Address reprint requests to Dr Wong, Department of Surgery, The University of Hong Kong, Queen Mary Hospital, 102 Pokfulam Rd, Hong Kong
Background. The occurrence of multiple primary cancers in the aerodigestive tract is a well-known phenomenon. This study aims to elucidate the incidence and the therapeutic and prognostic implications of a nonesophageal primary cancer in patients with squamous cell carcinoma of the esophagus.
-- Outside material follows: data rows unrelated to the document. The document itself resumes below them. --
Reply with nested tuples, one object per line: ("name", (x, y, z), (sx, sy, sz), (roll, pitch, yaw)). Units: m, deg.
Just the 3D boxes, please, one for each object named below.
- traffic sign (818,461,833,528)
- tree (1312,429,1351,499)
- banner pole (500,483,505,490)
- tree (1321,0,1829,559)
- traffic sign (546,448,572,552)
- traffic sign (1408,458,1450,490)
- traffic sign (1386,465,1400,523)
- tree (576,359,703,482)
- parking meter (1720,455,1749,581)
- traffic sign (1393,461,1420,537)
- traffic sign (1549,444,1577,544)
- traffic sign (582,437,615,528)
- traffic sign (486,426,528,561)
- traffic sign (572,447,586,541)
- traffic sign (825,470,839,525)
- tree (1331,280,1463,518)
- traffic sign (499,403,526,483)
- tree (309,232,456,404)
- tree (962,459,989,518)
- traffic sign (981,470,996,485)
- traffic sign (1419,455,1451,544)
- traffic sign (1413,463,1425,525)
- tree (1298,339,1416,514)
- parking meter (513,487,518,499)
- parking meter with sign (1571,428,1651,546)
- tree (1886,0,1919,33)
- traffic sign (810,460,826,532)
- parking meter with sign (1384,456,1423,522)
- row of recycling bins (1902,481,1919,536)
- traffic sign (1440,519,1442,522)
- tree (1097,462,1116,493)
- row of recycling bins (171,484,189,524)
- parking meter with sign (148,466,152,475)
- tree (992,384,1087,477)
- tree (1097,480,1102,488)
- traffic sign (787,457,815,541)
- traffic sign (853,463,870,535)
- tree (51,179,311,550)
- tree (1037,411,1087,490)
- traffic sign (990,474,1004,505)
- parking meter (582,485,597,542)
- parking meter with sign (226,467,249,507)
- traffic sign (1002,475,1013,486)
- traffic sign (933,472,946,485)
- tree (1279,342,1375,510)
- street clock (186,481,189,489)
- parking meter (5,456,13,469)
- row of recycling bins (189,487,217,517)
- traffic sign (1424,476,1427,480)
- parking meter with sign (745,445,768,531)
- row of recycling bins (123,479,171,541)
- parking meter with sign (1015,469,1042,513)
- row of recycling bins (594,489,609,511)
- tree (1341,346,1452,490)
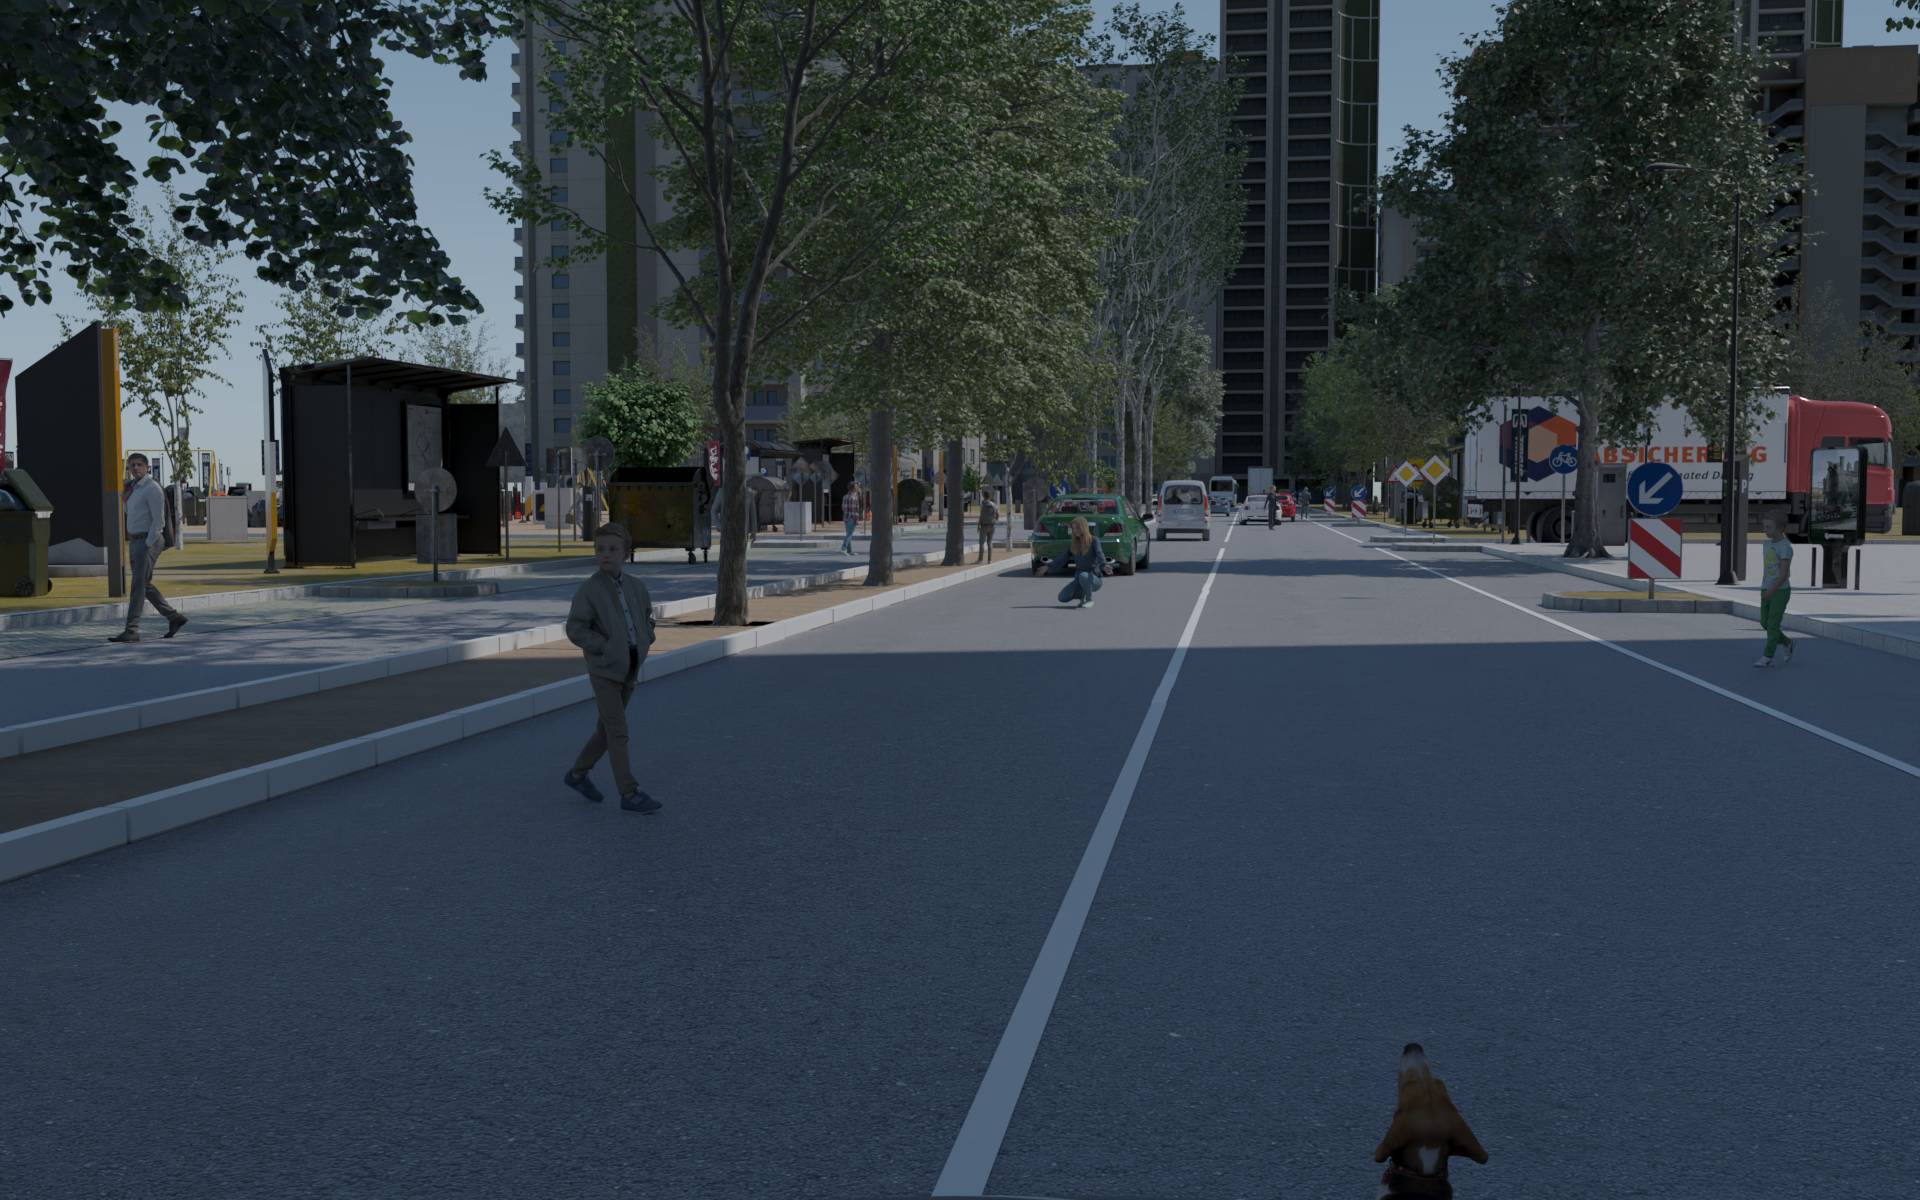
("traffic sign", (-5.222, -4.027, 65.950), (0.768, 2.556, 0.104), (1, 4, 16))
("tree", (34.247, -12.723, 158.387), (4.737, 8.622, 4.395), (0, 3, 0))
("banner pole", (-32.119, -8.002, 120.850), (0.863, 3.779, 0.401), (-2, 4, -35))
("tree", (12.541, -7.188, 34.528), (9.611, 12.733, 9.660), (0, 3, 0))
("traffic sign", (-8.839, -2.205, 38.174), (0.606, 2.300, 0.079), (1, 4, 13))
("traffic sign", (26.395, -6.346, 97.628), (2.265, 3.308, 0.079), (1, 4, 13))
("traffic sign", (19.482, -4.738, 77.470), (0.884, 2.594, 0.081), (1, 4, 16))
("tree", (-7.845, -3.577, 42.206), (4.285, 4.588, 4.351), (0, 3, 0))
("parking meter", (11.434, -1.215, 25.573), (0.399, 1.863, 0.255), (-3, 5, -43))
("traffic sign", (13.411, -2.963, 52.092), (0.795, 2.450, 0.064), (1, 4, 9))
("traffic sign", (15.484, -2.711, 44.427), (0.768, 2.556, 0.104), (1, 4, 11))
("traffic sign", (-8.018, -2.339, 38.346), (0.768, 2.556, 0.104), (1, 4, 11))
("traffic sign", (-8.719, -2.036, 33.301), (0.884, 2.594, 0.081), (1, 4, 16))
("traffic sign", (-10.528, -2.885, 47.275), (0.768, 2.556, 0.104), (1, 4, 15))
("traffic sign", (-5.364, -4.291, 71.336), (0.795, 2.450, 0.064), (1, 4, 12))
("tree", (23.600, -10.658, 92.385), (7.486, 12.596, 7.792), (0, 3, 0))
("traffic sign", (-10.846, -2.763, 39.046), (2.265, 3.308, 0.079), (1, 4, 14))
("tree", (-16.665, -5.822, 45.558), (4.737, 8.622, 4.395), (0, 3, 0))
("tree", (0.532, -6.086, 94.112), (1.663, 3.219, 1.824), (0, 3, 0))
("traffic sign", (1.548, -5.817, 95.108), (0.884, 2.594, 0.081), (1, 4, 10))
("traffic sign", (12.112, -2.481, 44.213), (0.795, 2.450, 0.064), (1, 4, 9))
("traffic sign", (18.954, -4.414, 72.165), (0.884, 2.594, 0.081), (1, 4, 17))
("tree", (26.013, -11.404, 112.211), (9.928, 11.665, 9.643), (0, 3, 0))
("parking meter", (-33.524, -7.640, 130.629), (0.399, 1.863, 0.255), (0, 4, -8))
("parking meter with sign", (16.110, -2.853, 42.914), (1.738, 3.016, 0.543), (1, 4, 11))
("tree", (10.366, -3.970, 15.266), (4.737, 8.622, 4.395), (0, 3, 0))
("traffic sign", (-4.933, -3.537, 59.012), (0.795, 2.450, 0.064), (1, 4, 15))
("parking meter with sign", (20.341, -5.088, 79.449), (1.738, 3.016, 0.543), (1, 4, 17))
("row of recycling bins", (31.086, -2.837, 53.494), (3.534, 1.692, 1.069), (1, 4, 9))
("traffic sign", (21.808, -4.791, 78.447), (0.768, 2.556, 0.104), (1, 4, 19))
("tree", (16.792, -12.864, 194.039), (4.285, 4.588, 4.351), (0, 3, 0))
("row of recycling bins", (-34.490, -4.014, 72.737), (3.534, 1.692, 1.069), (-2, 4, -28))
("parking meter with sign", (-50.118, -6.731, 106.320), (0.543, 3.016, 1.738), (-3, 4, -39))
("tree", (5.517, -11.509, 122.586), (7.601, 10.594, 8.767), (1, 4, 21))
("tree", (13.766, -10.968, 173.931), (1.663, 3.219, 1.824), (0, 3, 0))
("traffic sign", (-4.308, -2.648, 46.930), (0.795, 2.450, 0.064), (1, 4, 9))
("traffic sign", (-3.010, -3.129, 54.809), (0.795, 2.450, 0.064), (1, 4, 9))
("tree", (-18.144, -5.451, 39.488), (4.737, 8.622, 4.395), (0, 3, 0))
("tree", (7.374, -10.980, 129.886), (4.360, 8.622, 3.978), (0, 3, 0))
("traffic sign", (2.315, -6.663, 108.936), (0.884, 2.594, 0.081), (1, 4, 19))
("parking meter", (-10.005, -2.347, 46.778), (0.372, 1.533, 0.369), (0, 3, 0))
("parking meter with sign", (-46.191, -7.047, 111.476), (1.738, 3.016, 0.543), (0, 4, -6))
("traffic sign", (3.087, -6.876, 112.527), (0.768, 2.556, 0.104), (1, 4, 10))
("traffic sign", (-1.139, -5.939, 97.201), (0.768, 2.556, 0.104), (1, 4, 19))
("tree", (30.825, -13.986, 139.038), (12.009, 13.543, 11.850), (0, 3, 0))
("street clock", (-41.894, -5.440, 93.517), (0.358, 2.002, 0.471), (3, 5, 44))
("parking meter", (-14.195, -1.220, 25.657), (0.399, 1.863, 0.255), (3, 5, 41))
("row of recycling bins", (-42.921, -5.424, 95.798), (3.534, 1.692, 1.069), (-1, 4, -13))
("traffic sign", (26.441, -5.941, 97.247), (0.768, 2.556, 0.104), (1, 4, 11))
("parking meter with sign", (-7.289, -3.959, 60.983), (0.543, 3.016, 1.738), (-2, 4, -32))
("row of recycling bins", (-22.880, -2.428, 46.813), (1.069, 1.692, 3.534), (0, 4, 5))
("parking meter with sign", (4.574, -7.338, 116.232), (1.738, 3.016, 0.543), (1, 4, 9))
("row of recycling bins", (-28.336, -7.811, 134.825), (3.534, 1.692, 1.069), (1, 4, 20))
("tree", (21.220, -8.127, 83.240), (4.360, 8.622, 3.978), (0, 3, 0))

Methods. Between 1982 and 1996, 1,055 patients with esophageal squamous cell carcinoma treated at our institution were reviewed for the presence of an additional primary cancer. The effects of the nonesophageal cancer on treatment of the esophageal carcinoma and survival were analyzed.
Results. Among 1,055 patients, 114 nonesophageal primary cancers were documented in 100 patients (9.5%), 70% of which were aerodigestive tract cancers. Forty-seven patients had antecedent tumors and 43 had synchronous tumors. Treatment strategies for esophageal carcinoma in these patients were similar to patients without multiple tumors, not influenced by the nonesophageal tumor except in 6 patients. The overall survival of patients with antecedent tumors, synchronous tumors, and without multiple tumors was similar (median survival, 8.6, 8.5, and 8.8 months, respectively) (p = 0.84). Subsequent primary cancers developed in 10 patients (0.9%), 9 of them with previous curative resection of esophageal cancer, and all died of the subsequent cancer.
Conclusions. There is a high incidence of multiple primary cancers in patients with esophageal carcinoma but the treatment and prognosis of these patients are primarily determined by the esophageal carcinoma itself. Subsequent cancer is, however, a significant cause of death among patients cured of esophageal carcinoma.